To do:
Should any entry hold a picture, omit that picture and copy the rest of the entry exactly.

Data extracted from a collection
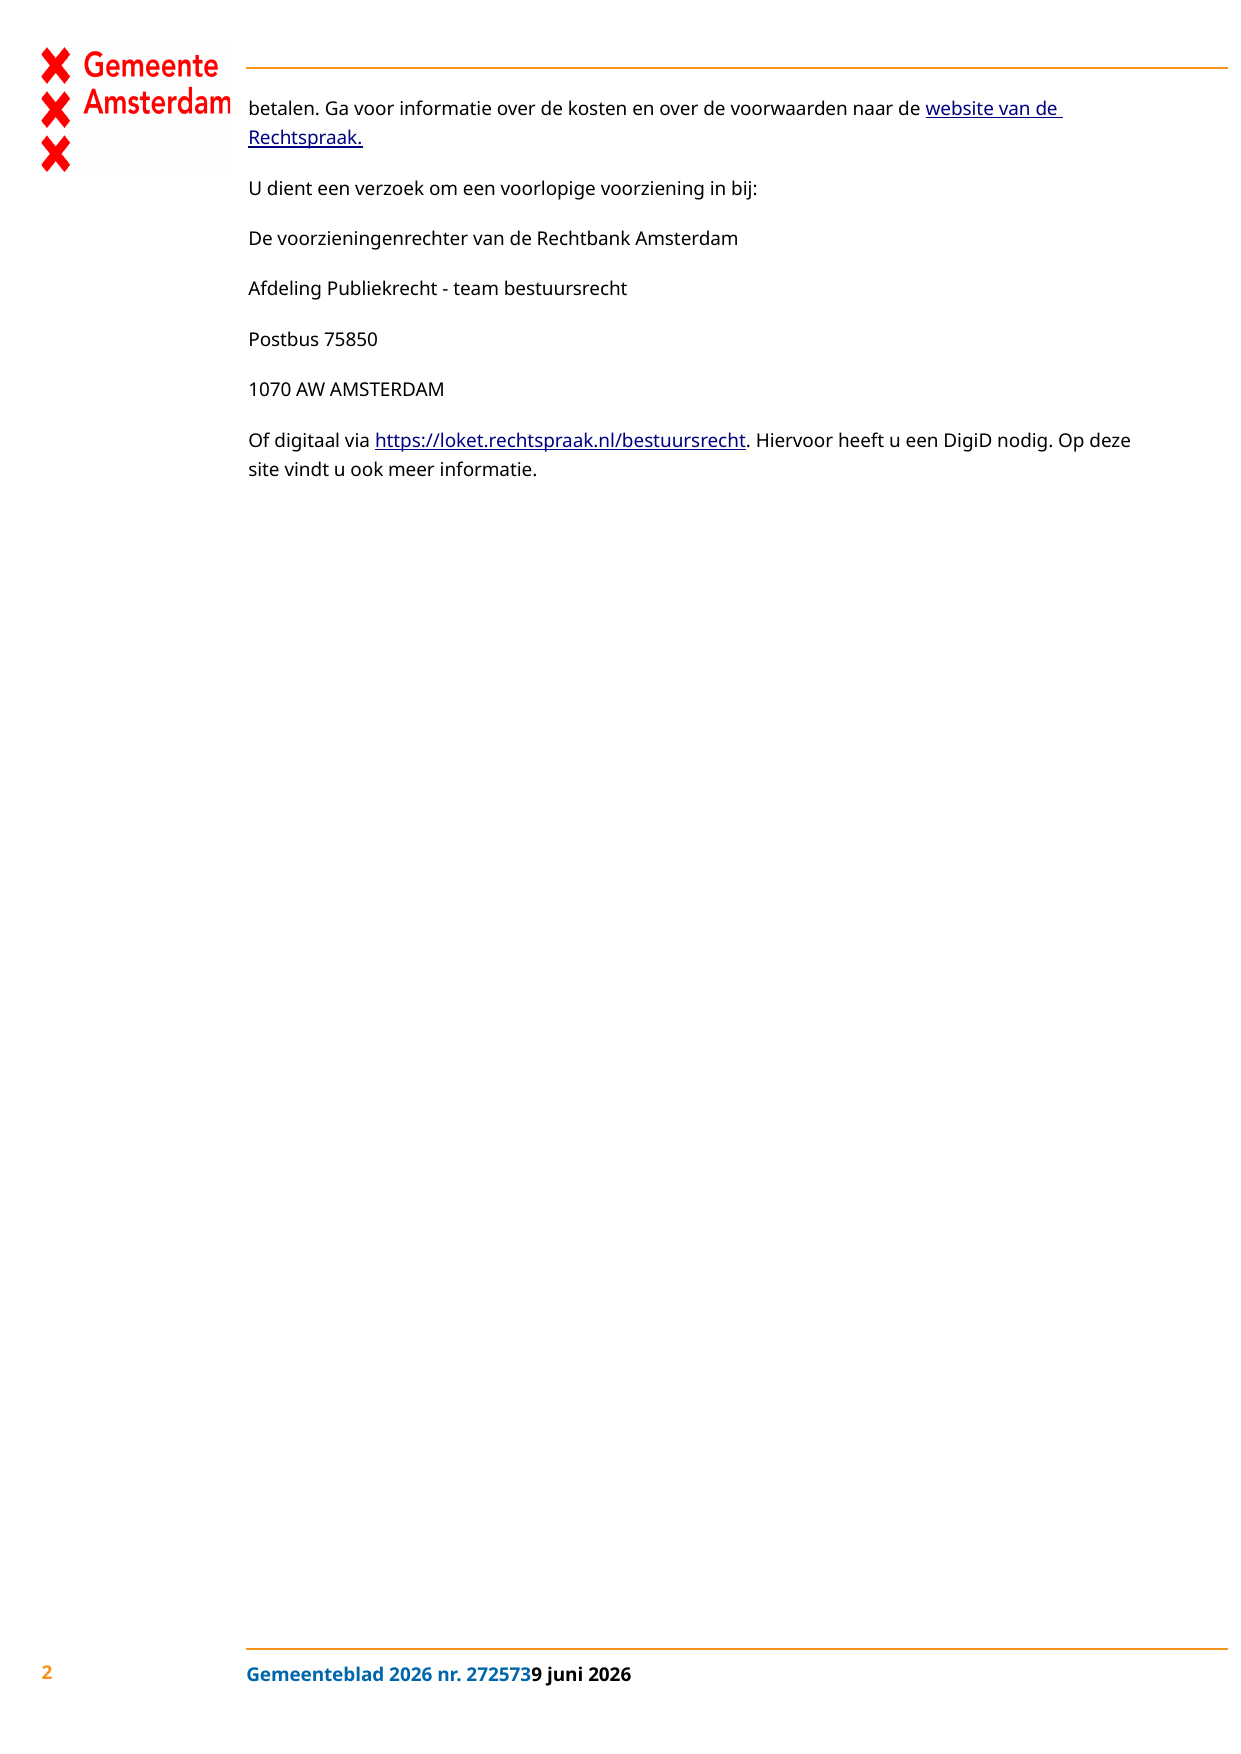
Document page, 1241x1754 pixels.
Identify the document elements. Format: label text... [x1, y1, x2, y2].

text U dient een verzoek om een voorlopige voorziening in bij: [248, 175, 1152, 201]
text Afdeling Publiekrecht - team bestuursrecht [248, 276, 1152, 301]
text De voorzieningenrechter van de Rechtbank Amsterdam [248, 225, 1152, 251]
picture [41, 47, 231, 172]
text Postbus 75850 [248, 326, 1152, 352]
text 1070 AW AMSTERDAM [248, 376, 1152, 402]
text Of digitaal via https://loket.rechtspraak.nl/bestuursrecht. Hiervoor heeft u een DigiD nodig. Op deze site vindt u ook meer informatie. [248, 427, 1152, 482]
text betalen. Ga voor informatie over de kosten en over de voorwaarden naar de website van de Rechtspraak. [248, 95, 1152, 150]

Exercise response:
Document page, 1241x1754 pixels.
Identify the document elements. Format: label text... [x1, y1, x2, y2].

text U dient een verzoek om een voorlopige voorziening in bij: [248, 175, 1152, 201]
text Afdeling Publiekrecht - team bestuursrecht [248, 276, 1152, 301]
text De voorzieningenrechter van de Rechtbank Amsterdam [248, 225, 1152, 251]
picture [41, 47, 231, 172]
text Postbus 75850 [248, 326, 1152, 352]
text 1070 AW AMSTERDAM [248, 376, 1152, 402]
text Of digitaal via https://loket.rechtspraak.nl/bestuursrecht. Hiervoor heeft u een DigiD nodig. Op deze site vindt u ook meer informatie. [248, 427, 1152, 482]
text betalen. Ga voor informatie over de kosten en over de voorwaarden naar de website van de Rechtspraak. [248, 95, 1152, 150]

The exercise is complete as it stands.